Automate rotation and hygiene of low‑use but high‑impact identities. Don’t wait for an audit cycle. For many organizations, the biggest risk is standing permissions that haven’t moved in months or years.

Friction points for security teams

Complete visibility into service principals across hybrid and cloud environments is hard. Many orgs treat “apps” as stakes outside the scope of IAM. Enabling PodSecurityStandards and runtime detection in Kubernetes requires DevOps cooperation. Deception at scale, implementing thousands of honey‑accounts/tokens, is no longer a nice-to-have; it is how we are going to tell when an attacker has already breached our perimeter. Designing alerts based on identity chain behaviour instead of volume requires new tooling, new skills. 

Senior leaders must budget for identity observability, detection engineering, and support cross‑team coordination between IAM, cloud, DevSecOps, and IR. We need a shift in mindset from “we defend networks and endpoints” to “we defend identities, privileges, and trust relationships.” 

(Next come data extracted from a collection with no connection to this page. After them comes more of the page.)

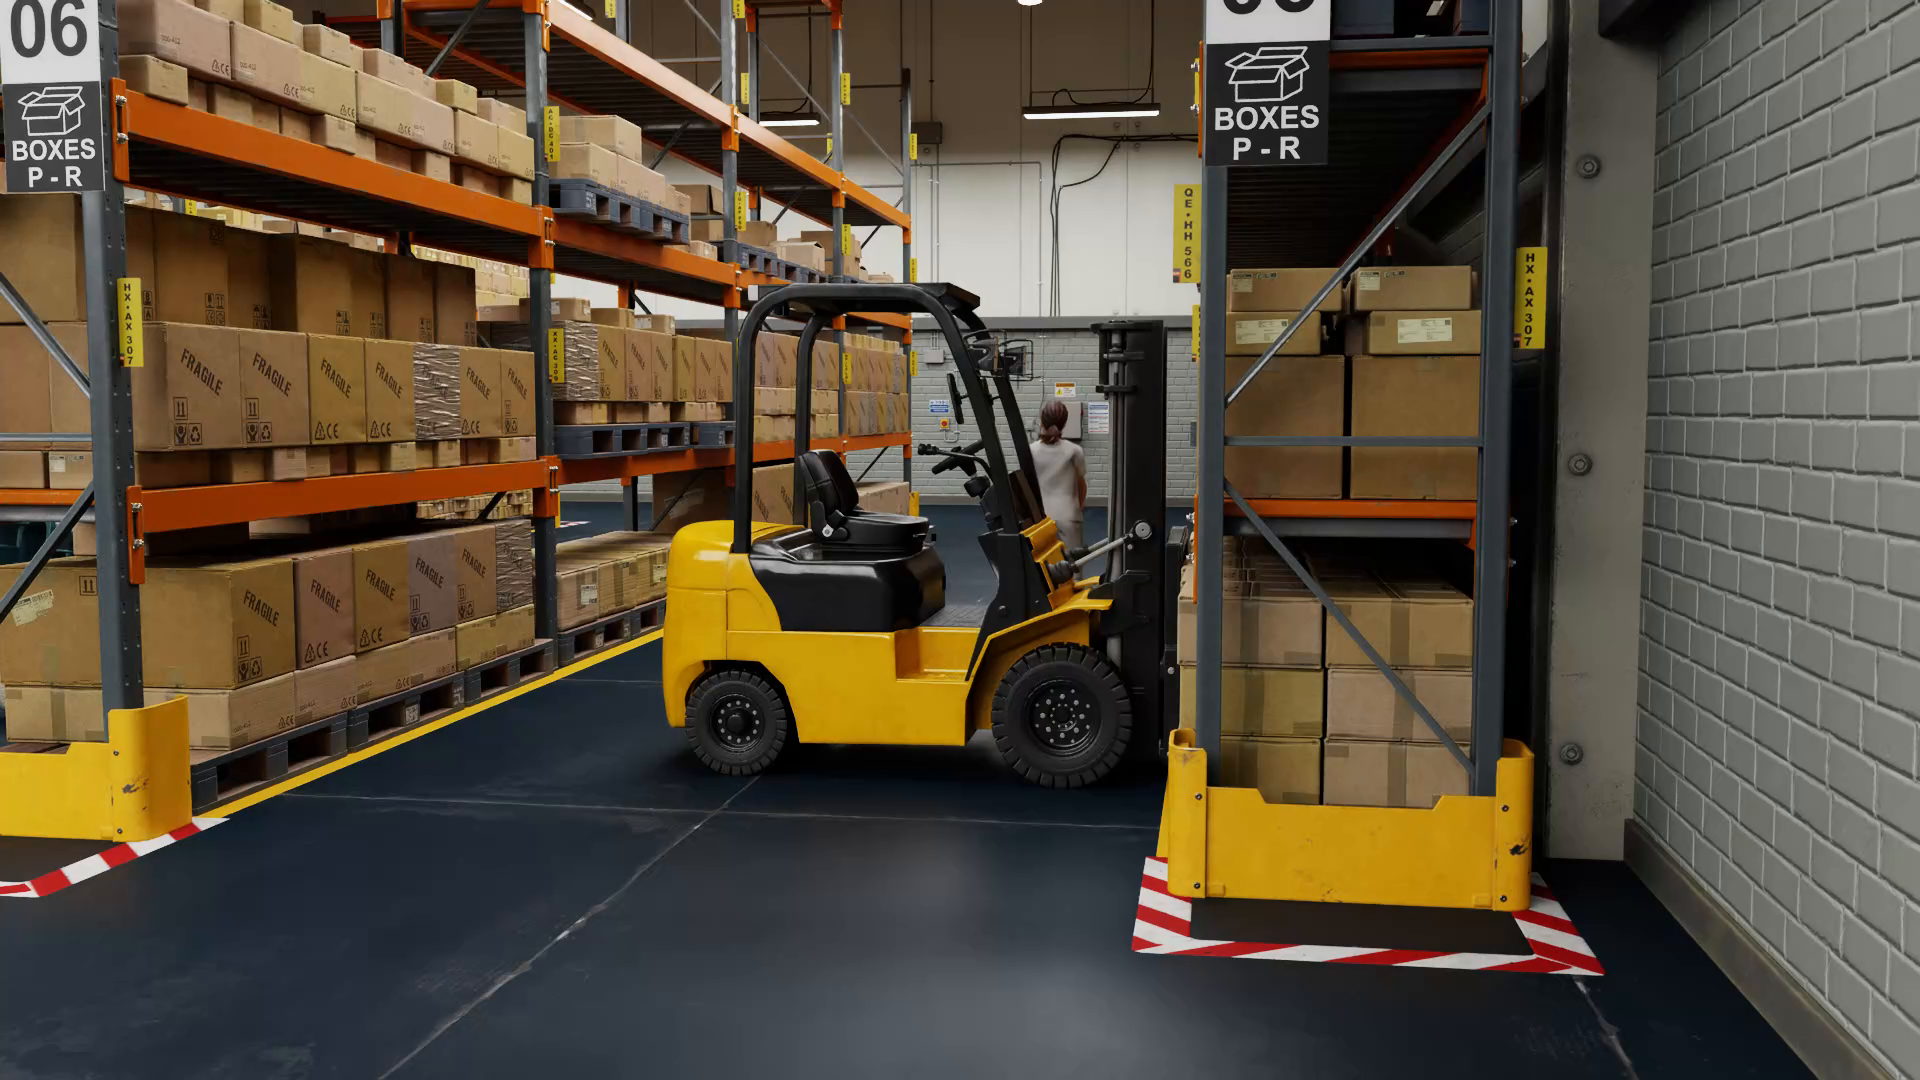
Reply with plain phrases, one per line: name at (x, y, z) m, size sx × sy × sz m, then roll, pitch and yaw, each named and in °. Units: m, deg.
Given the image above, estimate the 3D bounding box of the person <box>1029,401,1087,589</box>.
person at (0.637, -0.091, 11.085) m, size 0.424 × 1.666 × 0.528 m, roll 1°, pitch 5°, yaw 8°
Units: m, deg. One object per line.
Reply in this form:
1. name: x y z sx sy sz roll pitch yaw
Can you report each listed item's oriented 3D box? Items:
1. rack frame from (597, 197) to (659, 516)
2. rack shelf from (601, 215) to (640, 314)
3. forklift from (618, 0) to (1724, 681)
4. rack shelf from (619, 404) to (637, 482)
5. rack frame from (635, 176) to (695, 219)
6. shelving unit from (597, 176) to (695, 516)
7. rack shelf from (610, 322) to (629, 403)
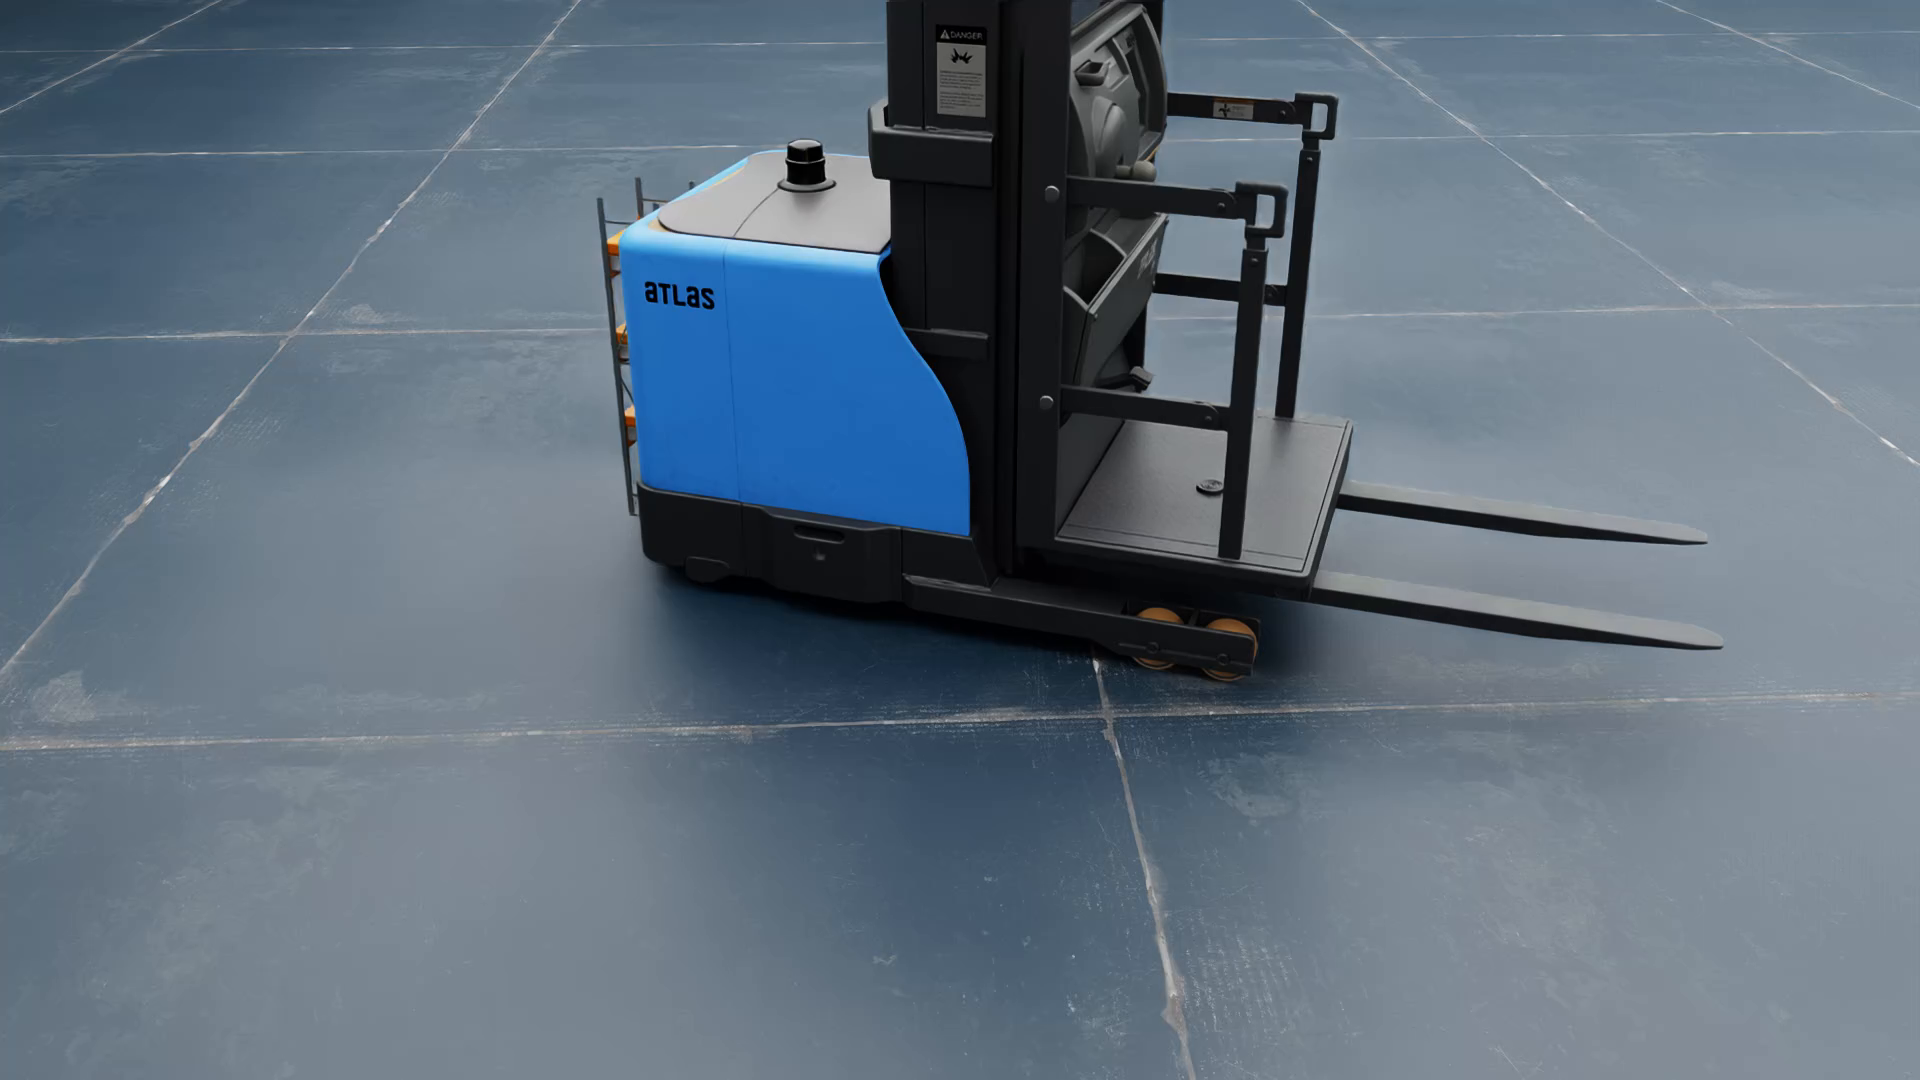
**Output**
1. rack frame: -0.980 -0.535 5.141 0.200 1.050 0.008 8 29 15
2. rack shelf: -0.943 -0.831 5.118 0.215 0.259 0.240 8 29 15
3. forklift: 0.614 -1.192 4.367 3.031 2.935 1.130 9 29 16
4. rack shelf: -0.943 -0.333 5.378 0.215 0.259 0.240 8 29 15
5. rack frame: -0.907 -0.643 5.347 0.200 1.050 0.008 8 29 15
6. shelving unit: -0.943 -0.589 5.244 0.215 1.050 0.252 8 29 15
7. rack shelf: -0.943 -0.580 5.249 0.215 0.259 0.240 8 29 15
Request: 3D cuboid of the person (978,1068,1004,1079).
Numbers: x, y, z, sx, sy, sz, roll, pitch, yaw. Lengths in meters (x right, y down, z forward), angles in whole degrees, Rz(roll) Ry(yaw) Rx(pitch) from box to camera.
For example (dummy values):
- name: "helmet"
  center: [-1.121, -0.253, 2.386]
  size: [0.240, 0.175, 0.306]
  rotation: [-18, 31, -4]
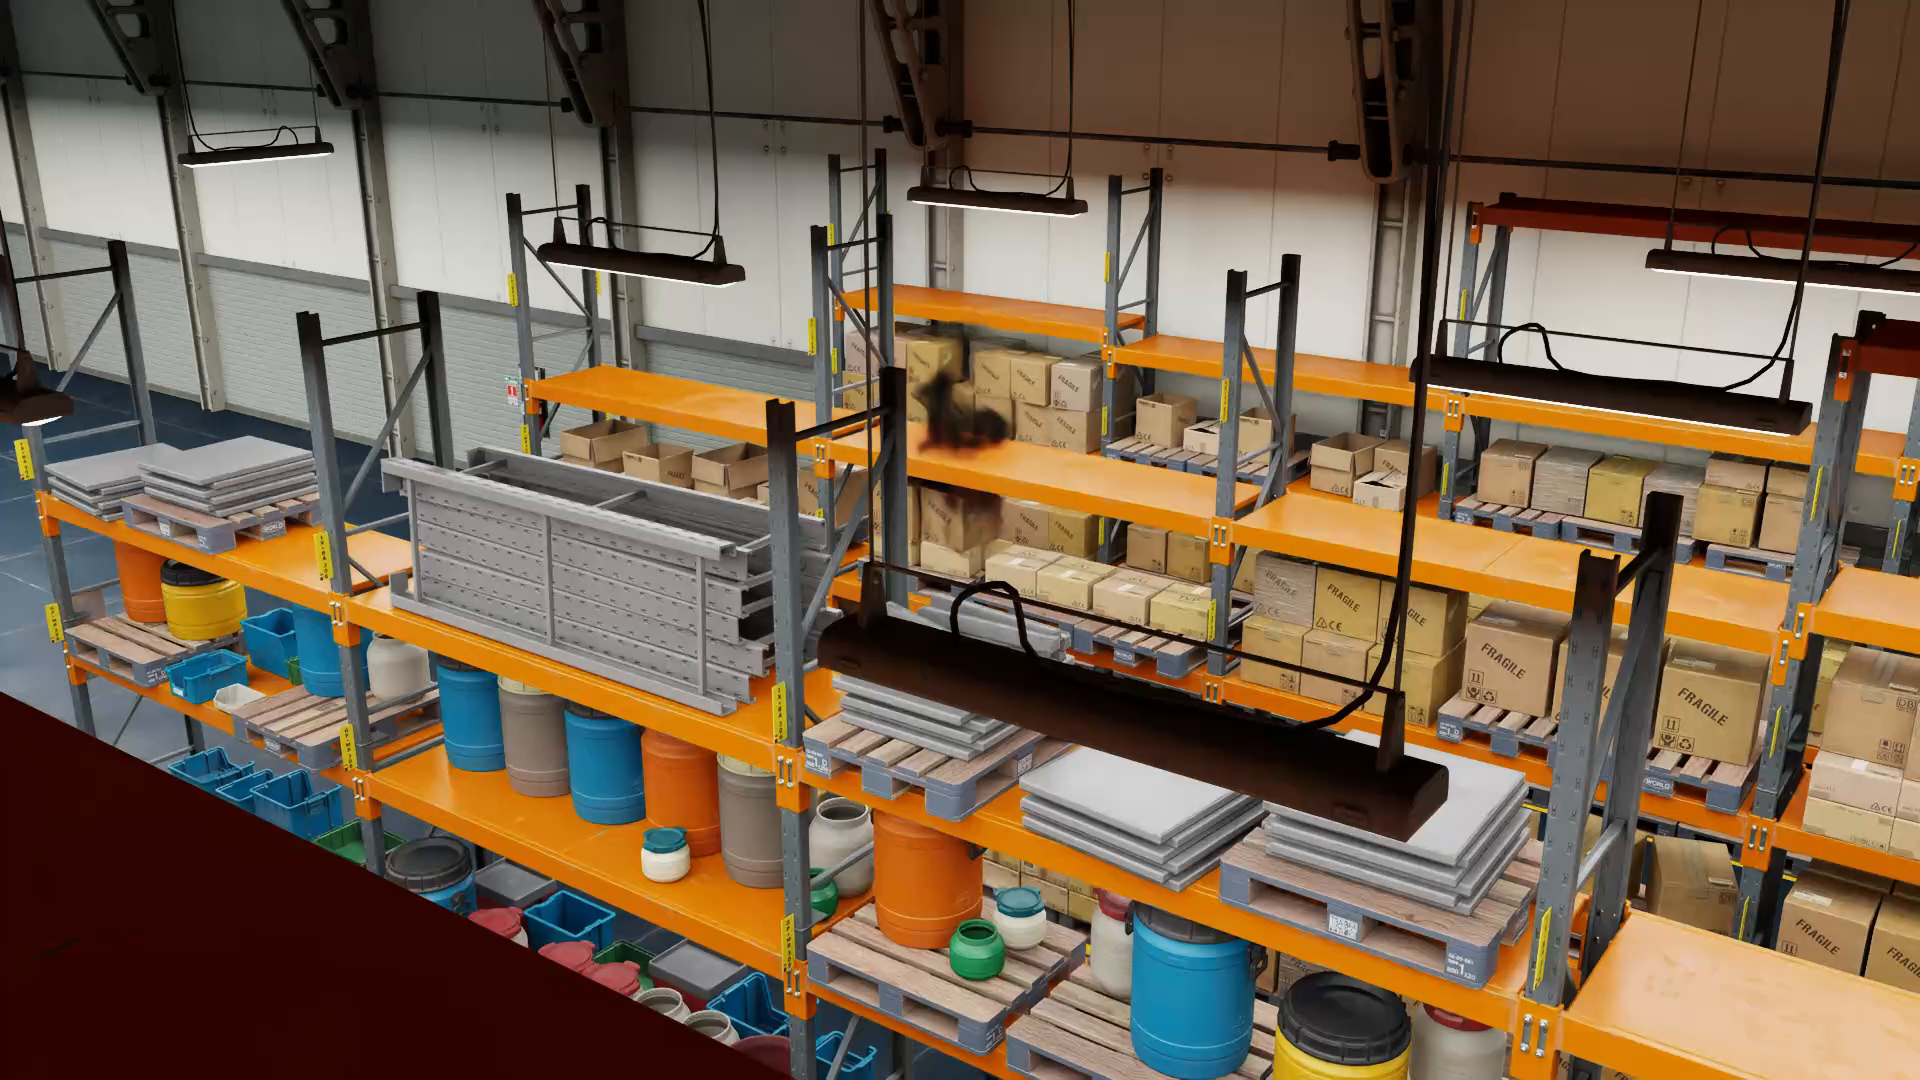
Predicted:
- name: "person"
  center: [0.251, 3.440, 12.258]
  size: [0.611, 1.622, 0.554]
  rotation: [9, 20, 24]
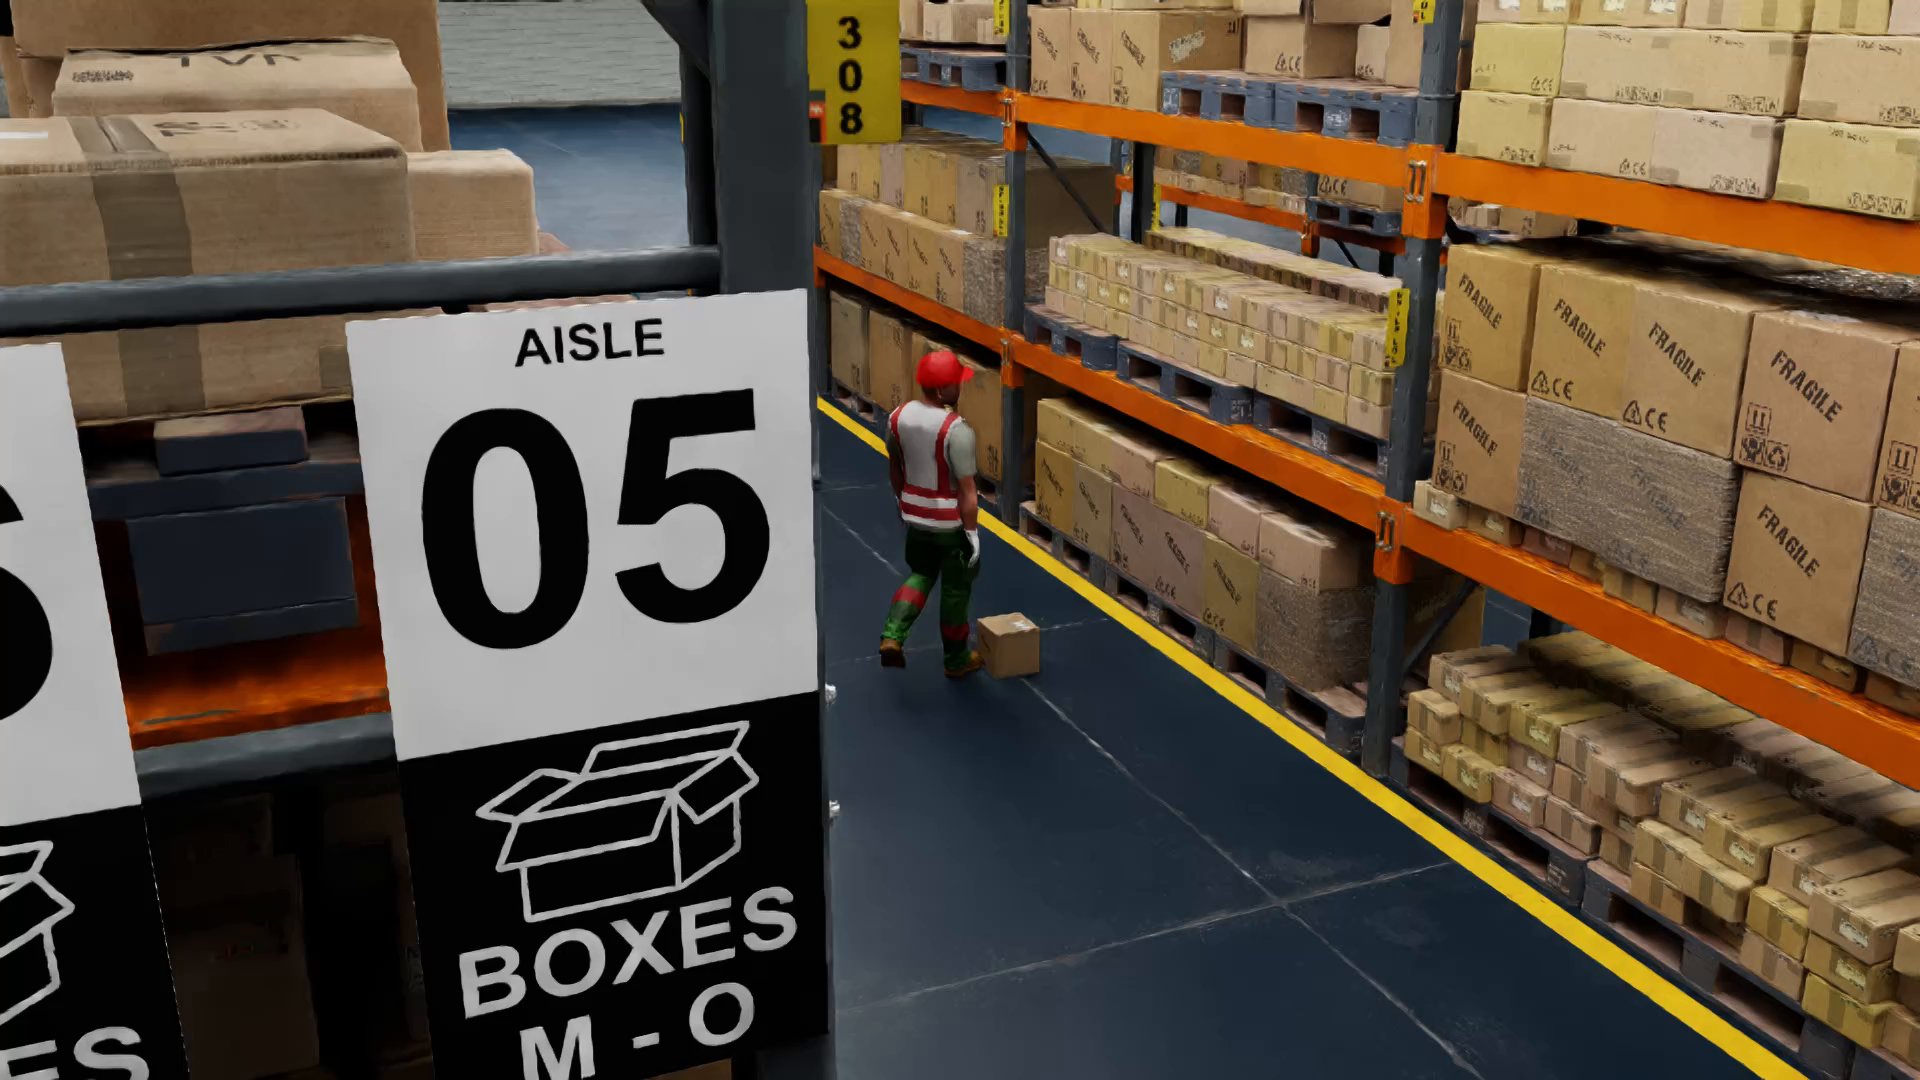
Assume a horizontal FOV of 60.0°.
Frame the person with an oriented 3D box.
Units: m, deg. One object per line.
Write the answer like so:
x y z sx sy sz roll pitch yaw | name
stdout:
-0.106 -0.107 8.343 0.598 1.773 0.710 13 23 34 | person

Machine identities, agentic automation, and SaaS federations are not edge cases. As defenders, we must accept that permissions are dynamic and the control plane is contested. Our architectures must shift from fortress walls to fluid identity zones where trust is managed, not assumed.

Close the Loop on Identity Risk

The biggest benefit to BSides Chicago was the opportunity to commiserate with other security professionals who are waging the same battles, one after another. Your author was able to give a session on where we could go with federated identities for NHIs across systems, which is actually possible right now on most cloud providers.

Getting there, like anywhere else in security, is going to take us all communicating and sharing this vision of a future where we treat identity as the real perimeter. We need to give humans and machines the same guardrails with least privilege, rotation, and context-aware monitoring. Plant honeytokens in IAM and trigger on identity chains, not volume. If we do this, your cloud deployments stay fast without handing attackers the keys.